→ **EXERCISE**:
Each entry should be set down again verbatim, with the images omitted.

Stored items
──────────────────────────────

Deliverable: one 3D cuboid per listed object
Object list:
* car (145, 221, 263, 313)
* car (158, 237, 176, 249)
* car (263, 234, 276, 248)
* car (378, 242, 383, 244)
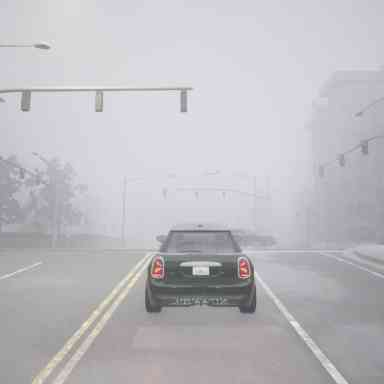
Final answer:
[{"bbox_3d":[0.178,1.486,8.130,2.097,1.767,4.553,0,-1,0],"label":"car"},{"bbox_3d":[-3.087,6.470,42.173,1.837,1.490,4.892,0,-9,1],"label":"car"},{"bbox_3d":[3.525,3.345,24.001,4.892,1.490,1.837,-6,-9,29],"label":"car"},{"bbox_3d":[17.222,4.278,26.172,4.892,1.490,1.837,5,-9,1],"label":"car"}]
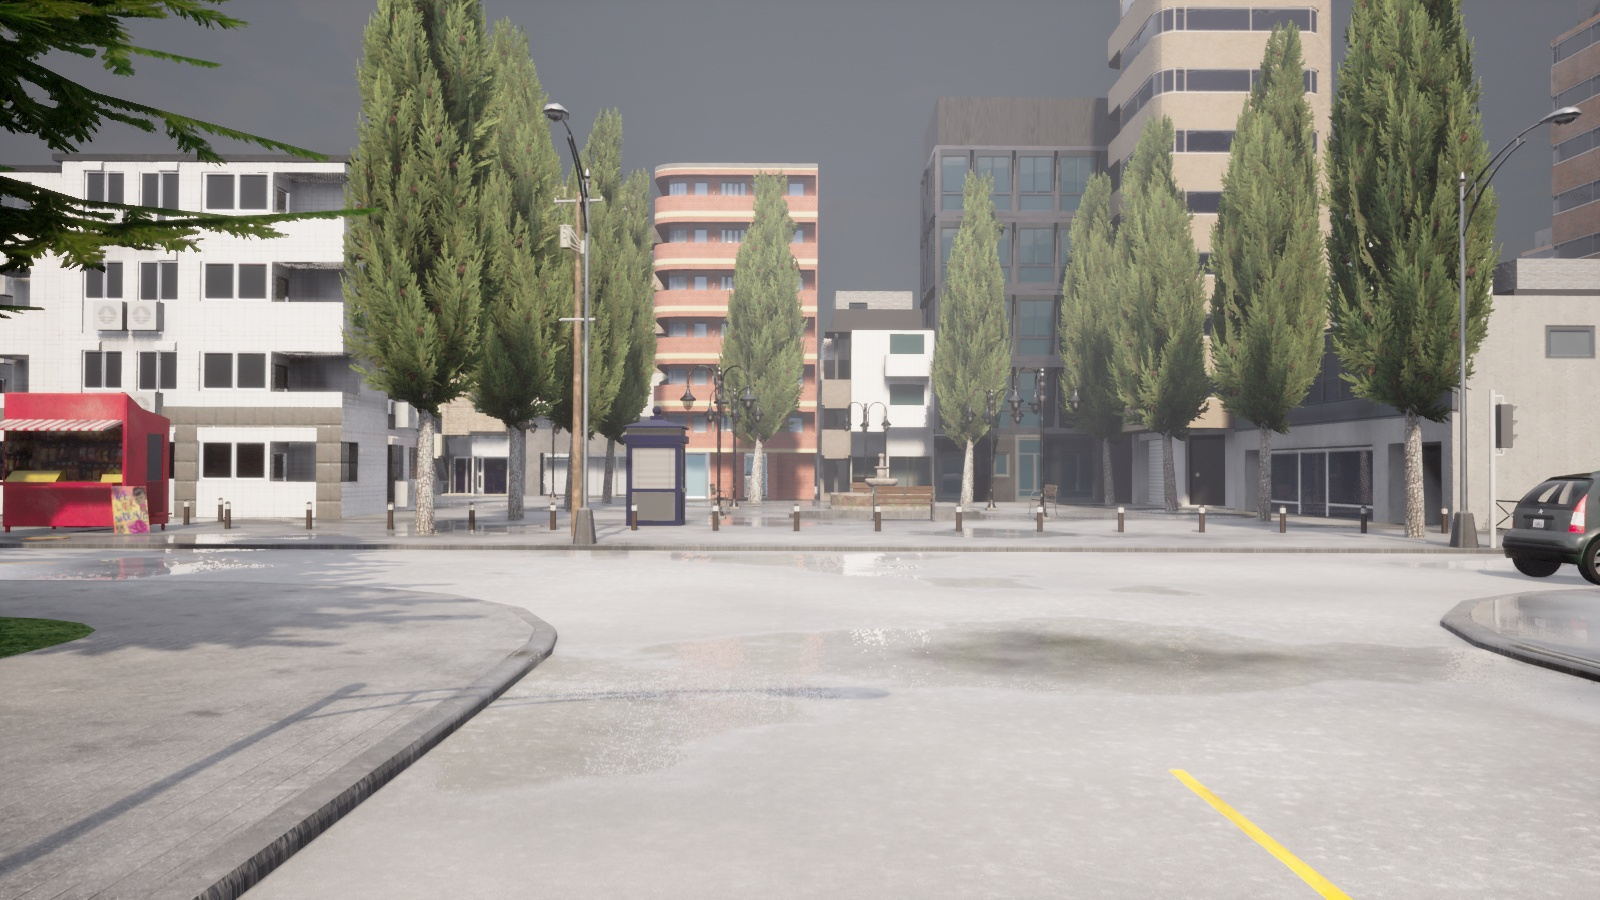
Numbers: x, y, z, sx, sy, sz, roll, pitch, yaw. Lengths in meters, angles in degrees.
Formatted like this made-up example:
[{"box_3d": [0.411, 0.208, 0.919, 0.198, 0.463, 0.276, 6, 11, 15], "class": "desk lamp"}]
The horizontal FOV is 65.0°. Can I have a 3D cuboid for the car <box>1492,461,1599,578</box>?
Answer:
[{"box_3d": [12.655, 0.971, 18.445, 3.988, 1.617, 1.851, 0, -1, -4], "class": "car"}]
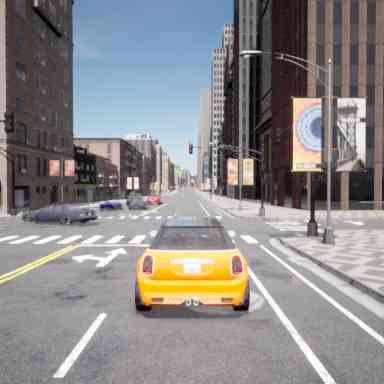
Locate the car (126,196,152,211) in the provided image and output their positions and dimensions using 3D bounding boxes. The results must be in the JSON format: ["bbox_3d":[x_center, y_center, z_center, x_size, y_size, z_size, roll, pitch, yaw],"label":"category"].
[{"bbox_3d":[-6.585,1.582,41.244,1.994,1.385,4.181,0,0,0],"label":"car"}]

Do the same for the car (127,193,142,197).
[{"bbox_3d":[-9.815,1.249,57.422,2.150,2.045,5.566,0,0,0],"label":"car"}]

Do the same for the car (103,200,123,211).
[{"bbox_3d":[-9.836,1.618,40.613,1.895,1.301,4.718,0,0,0],"label":"car"}]

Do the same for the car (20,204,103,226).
[{"bbox_3d":[-9.369,1.552,23.416,5.357,1.411,2.033,0,0,18],"label":"car"}]

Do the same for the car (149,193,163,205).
[{"bbox_3d":[-6.560,1.250,58.404,2.150,2.045,5.566,0,0,0],"label":"car"}]

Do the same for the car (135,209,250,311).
[{"bbox_3d":[0.013,1.351,7.909,2.097,1.767,4.553,0,0,0],"label":"car"}]
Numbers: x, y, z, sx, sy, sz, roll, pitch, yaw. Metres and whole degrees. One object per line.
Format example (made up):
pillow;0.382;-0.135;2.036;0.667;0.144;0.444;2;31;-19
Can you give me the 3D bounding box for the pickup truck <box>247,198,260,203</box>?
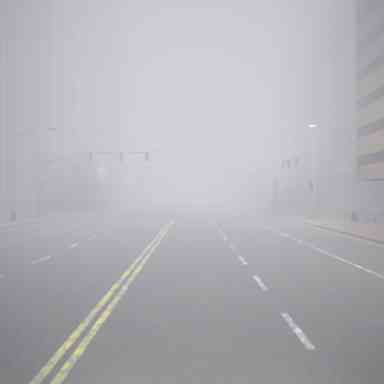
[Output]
pickup truck;16.601;1.892;87.903;2.390;2.098;6.274;0;-1;30
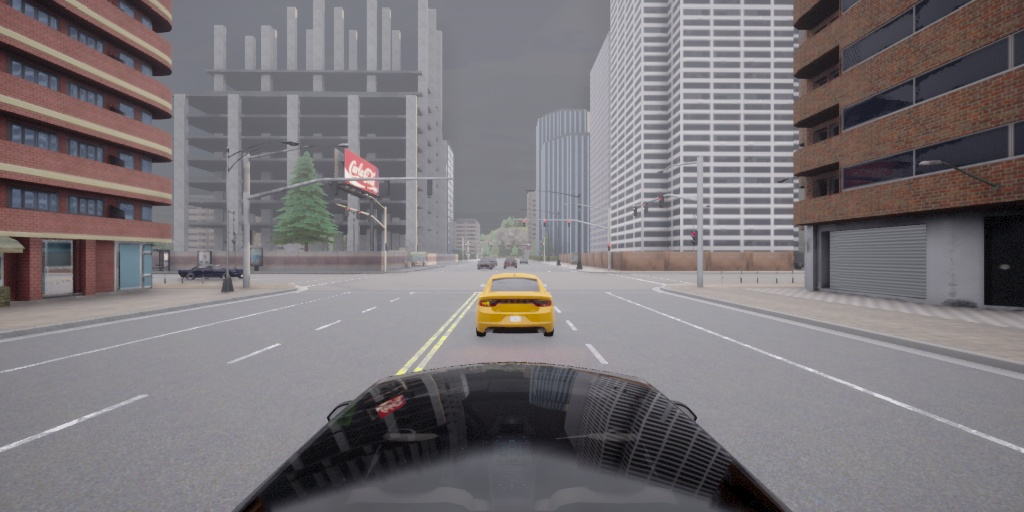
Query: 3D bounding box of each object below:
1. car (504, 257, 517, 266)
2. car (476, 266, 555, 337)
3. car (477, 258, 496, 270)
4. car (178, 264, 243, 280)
[{"bbox_3d":[-0.251,1.102,61.126,2.097,1.767,4.553,0,0,0],"label":"car"},{"bbox_3d":[0.061,1.228,10.345,1.882,1.535,5.008,0,0,0],"label":"car"},{"bbox_3d":[-3.885,1.102,52.614,2.097,1.767,4.553,0,0,0],"label":"car"},{"bbox_3d":[-24.932,1.351,30.172,4.718,1.301,1.895,0,0,-1],"label":"car"}]
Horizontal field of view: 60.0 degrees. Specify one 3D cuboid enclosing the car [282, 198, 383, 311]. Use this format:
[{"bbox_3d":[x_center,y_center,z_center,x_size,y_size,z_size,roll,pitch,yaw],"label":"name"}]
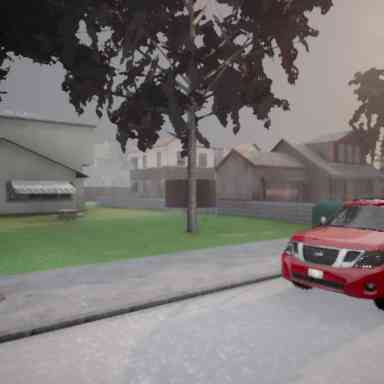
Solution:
[{"bbox_3d":[4.576,1.175,7.900,5.566,2.045,2.150,0,0,-36],"label":"car"}]
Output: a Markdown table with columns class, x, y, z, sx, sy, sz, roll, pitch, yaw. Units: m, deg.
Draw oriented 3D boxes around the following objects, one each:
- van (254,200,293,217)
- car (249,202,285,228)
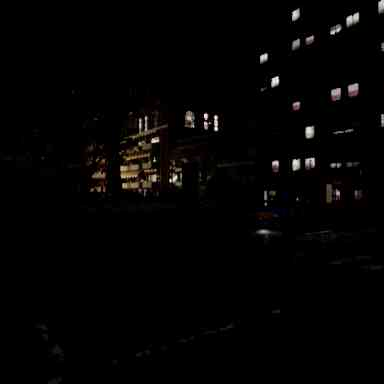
| class | x | y | z | sx | sy | sz | roll | pitch | yaw |
| --- | --- | --- | --- | --- | --- | --- | --- | --- | --- |
| van | 7.174 | 1.633 | 30.215 | 1.690 | 1.788 | 3.998 | -1 | 0 | -36 |
| car | 4.085 | 1.747 | 24.632 | 1.882 | 1.535 | 5.008 | 0 | -1 | -37 |
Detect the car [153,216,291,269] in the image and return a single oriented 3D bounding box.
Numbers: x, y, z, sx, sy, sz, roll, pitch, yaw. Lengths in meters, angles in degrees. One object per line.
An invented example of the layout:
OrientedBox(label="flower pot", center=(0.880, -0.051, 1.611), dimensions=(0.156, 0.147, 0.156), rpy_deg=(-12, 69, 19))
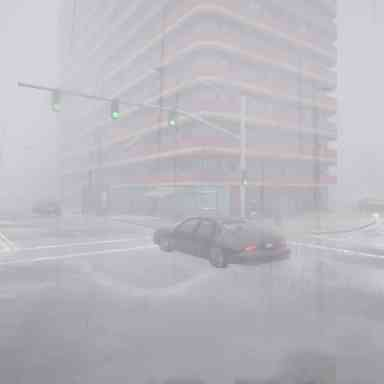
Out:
OrientedBox(label="car", center=(0.673, 1.501, 11.130), dimensions=(2.033, 1.411, 5.357), rpy_deg=(0, 0, -35))

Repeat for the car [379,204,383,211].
OrientedBox(label="car", center=(12.226, 1.473, 18.451), dimensions=(2.033, 1.411, 5.357), rpy_deg=(0, 0, 40))

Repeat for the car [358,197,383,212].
OrientedBox(label="car", center=(20.242, 1.373, 37.044), dimensions=(1.882, 1.535, 5.008), rpy_deg=(0, 0, 6))

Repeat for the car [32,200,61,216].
OrientedBox(label="car", center=(-14.353, 1.517, 32.746), dimensions=(1.994, 1.385, 4.181), rpy_deg=(0, 0, -35))
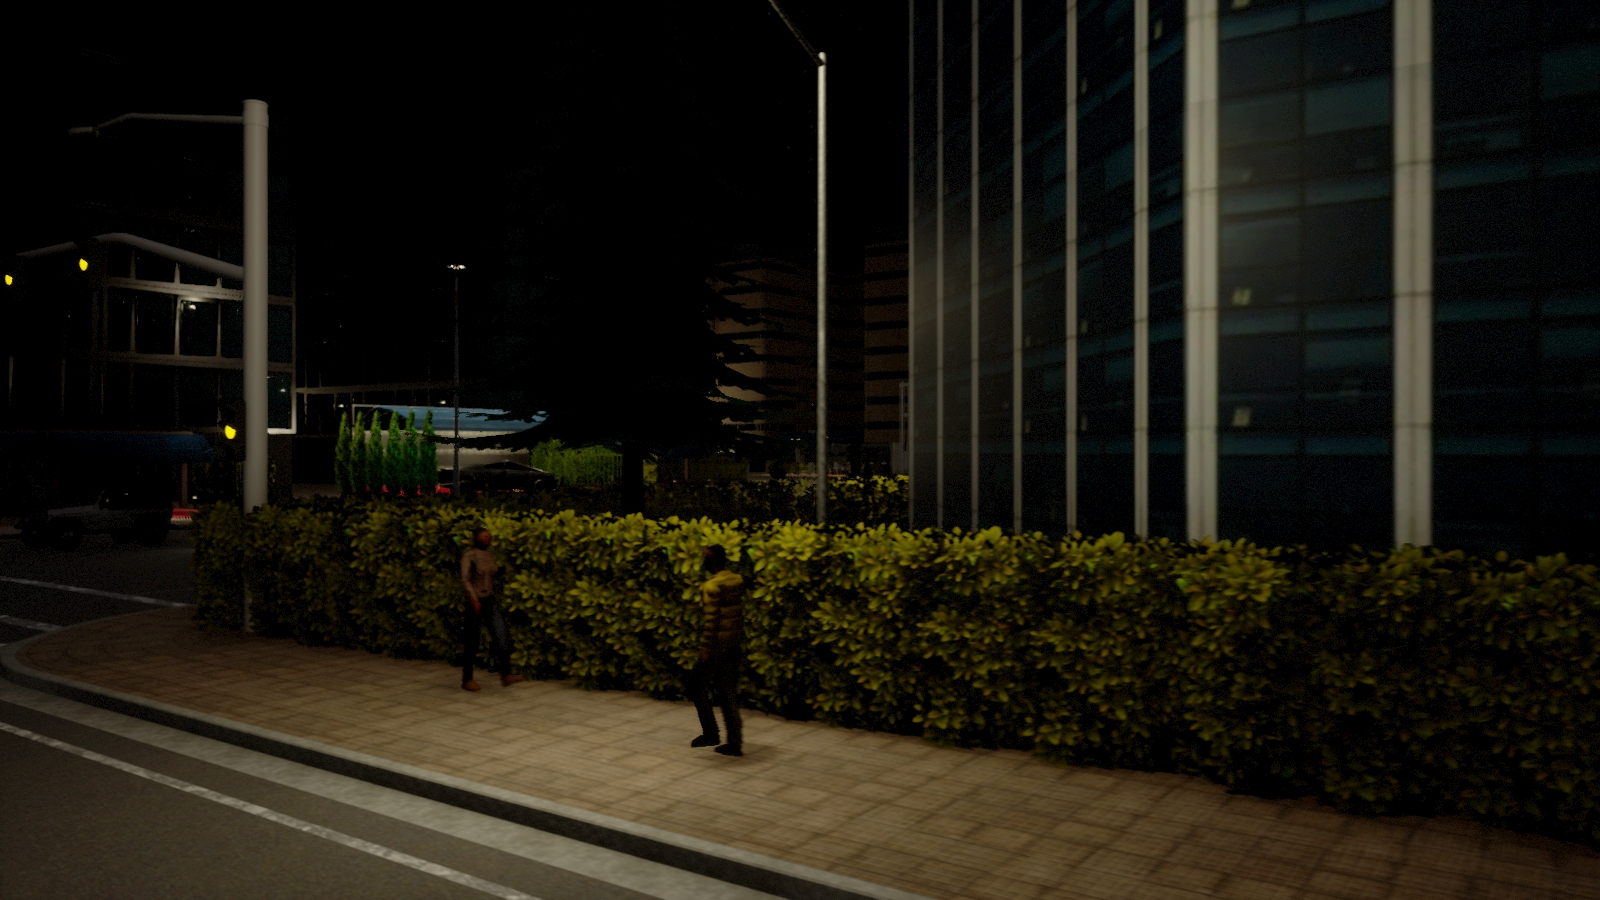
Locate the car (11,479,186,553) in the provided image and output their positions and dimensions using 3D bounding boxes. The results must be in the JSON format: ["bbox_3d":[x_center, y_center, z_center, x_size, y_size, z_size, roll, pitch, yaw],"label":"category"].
[{"bbox_3d":[-20.206,1.846,33.052,1.905,1.878,3.866,0,0,35],"label":"car"}]

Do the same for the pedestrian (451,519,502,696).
[{"bbox_3d":[-3.521,1.693,12.439,0.375,1.860,0.375,0,0,32],"label":"pedestrian"}]

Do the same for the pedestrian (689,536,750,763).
[{"bbox_3d":[-0.692,1.693,9.825,0.375,1.860,0.375,0,0,34],"label":"pedestrian"}]

──────────────────────────────

→ **ANSWER SPACE**:
Deliverable: one 3D cuboid per listed object
Object list:
* car (145, 221, 263, 313)
* car (158, 237, 176, 249)
* car (263, 234, 276, 248)
* car (378, 242, 383, 244)
Final answer:
[{"bbox_3d":[0.178,1.486,8.130,2.097,1.767,4.553,0,-1,0],"label":"car"},{"bbox_3d":[-3.087,6.470,42.173,1.837,1.490,4.892,0,-9,1],"label":"car"},{"bbox_3d":[3.525,3.345,24.001,4.892,1.490,1.837,-6,-9,29],"label":"car"},{"bbox_3d":[17.222,4.278,26.172,4.892,1.490,1.837,5,-9,1],"label":"car"}]
Numbers: x, y, z, sx, sy, sz, roll, pitch, yaw. Lengths in meters, angles in degrees.
Formatted like this made-up example:
[{"box_3d": [0.411, 0.208, 0.919, 0.198, 0.463, 0.276, 6, 11, 15], "class": "desk lamp"}]
The horizontal FOV is 65.0°. Can I have a 3D cuboid for the car <box>1492,461,1599,578</box>?
Answer:
[{"box_3d": [12.655, 0.971, 18.445, 3.988, 1.617, 1.851, 0, -1, -4], "class": "car"}]
Locate the car (126,196,152,211) in the provided image and output their positions and dimensions using 3D bounding boxes. The results must be in the JSON format: ["bbox_3d":[x_center, y_center, z_center, x_size, y_size, z_size, roll, pitch, yaw],"label":"category"].
[{"bbox_3d":[-6.585,1.582,41.244,1.994,1.385,4.181,0,0,0],"label":"car"}]

Do the same for the car (127,193,142,197).
[{"bbox_3d":[-9.815,1.249,57.422,2.150,2.045,5.566,0,0,0],"label":"car"}]

Do the same for the car (103,200,123,211).
[{"bbox_3d":[-9.836,1.618,40.613,1.895,1.301,4.718,0,0,0],"label":"car"}]

Do the same for the car (20,204,103,226).
[{"bbox_3d":[-9.369,1.552,23.416,5.357,1.411,2.033,0,0,18],"label":"car"}]

Do the same for the car (149,193,163,205).
[{"bbox_3d":[-6.560,1.250,58.404,2.150,2.045,5.566,0,0,0],"label":"car"}]

Do the same for the car (135,209,250,311).
[{"bbox_3d":[0.013,1.351,7.909,2.097,1.767,4.553,0,0,0],"label":"car"}]
Numbers: x, y, z, sx, sy, sz, roll, pitch, yaw. Metres and whole degrees. One object per line.
Format example (made up):
pillow;0.382;-0.135;2.036;0.667;0.144;0.444;2;31;-19
Can you give me the 3D bounding box for the pickup truck <box>247,198,260,203</box>?
[Output]
pickup truck;16.601;1.892;87.903;2.390;2.098;6.274;0;-1;30
Query: 3D bounding box of each object below:
1. car (504, 257, 517, 266)
2. car (476, 266, 555, 337)
3. car (477, 258, 496, 270)
4. car (178, 264, 243, 280)
[{"bbox_3d":[-0.251,1.102,61.126,2.097,1.767,4.553,0,0,0],"label":"car"},{"bbox_3d":[0.061,1.228,10.345,1.882,1.535,5.008,0,0,0],"label":"car"},{"bbox_3d":[-3.885,1.102,52.614,2.097,1.767,4.553,0,0,0],"label":"car"},{"bbox_3d":[-24.932,1.351,30.172,4.718,1.301,1.895,0,0,-1],"label":"car"}]
Horizontal field of view: 60.0 degrees. Specify one 3D cuboid enclosing the car [282, 198, 383, 311]. Use this format:
[{"bbox_3d":[x_center,y_center,z_center,x_size,y_size,z_size,roll,pitch,yaw],"label":"name"}]
Solution:
[{"bbox_3d":[4.576,1.175,7.900,5.566,2.045,2.150,0,0,-36],"label":"car"}]
Output: a Markdown table with columns class, x, y, z, sx, sy, sz, roll, pitch, yaw. Units: m, deg.
Draw oriented 3D boxes around the following objects, one each:
- van (254,200,293,217)
- car (249,202,285,228)
| class | x | y | z | sx | sy | sz | roll | pitch | yaw |
| --- | --- | --- | --- | --- | --- | --- | --- | --- | --- |
| van | 7.174 | 1.633 | 30.215 | 1.690 | 1.788 | 3.998 | -1 | 0 | -36 |
| car | 4.085 | 1.747 | 24.632 | 1.882 | 1.535 | 5.008 | 0 | -1 | -37 |
Detect the car [153,216,291,269] in the image and return a single oriented 3D bounding box.
Numbers: x, y, z, sx, sy, sz, roll, pitch, yaw. Lengths in meters, angles in degrees. One object per line.
An invented example of the layout:
OrientedBox(label="flower pot", center=(0.880, -0.051, 1.611), dimensions=(0.156, 0.147, 0.156), rpy_deg=(-12, 69, 19))
Out:
OrientedBox(label="car", center=(0.673, 1.501, 11.130), dimensions=(2.033, 1.411, 5.357), rpy_deg=(0, 0, -35))

Repeat for the car [379,204,383,211].
OrientedBox(label="car", center=(12.226, 1.473, 18.451), dimensions=(2.033, 1.411, 5.357), rpy_deg=(0, 0, 40))

Repeat for the car [358,197,383,212].
OrientedBox(label="car", center=(20.242, 1.373, 37.044), dimensions=(1.882, 1.535, 5.008), rpy_deg=(0, 0, 6))

Repeat for the car [32,200,61,216].
OrientedBox(label="car", center=(-14.353, 1.517, 32.746), dimensions=(1.994, 1.385, 4.181), rpy_deg=(0, 0, -35))
Locate the car (11,479,186,553) in the provided image and output their positions and dimensions using 3D bounding boxes. The results must be in the JSON format: ["bbox_3d":[x_center, y_center, z_center, x_size, y_size, z_size, roll, pitch, yaw],"label":"category"].
[{"bbox_3d":[-20.206,1.846,33.052,1.905,1.878,3.866,0,0,35],"label":"car"}]

Do the same for the pedestrian (451,519,502,696).
[{"bbox_3d":[-3.521,1.693,12.439,0.375,1.860,0.375,0,0,32],"label":"pedestrian"}]

Do the same for the pedestrian (689,536,750,763).
[{"bbox_3d":[-0.692,1.693,9.825,0.375,1.860,0.375,0,0,34],"label":"pedestrian"}]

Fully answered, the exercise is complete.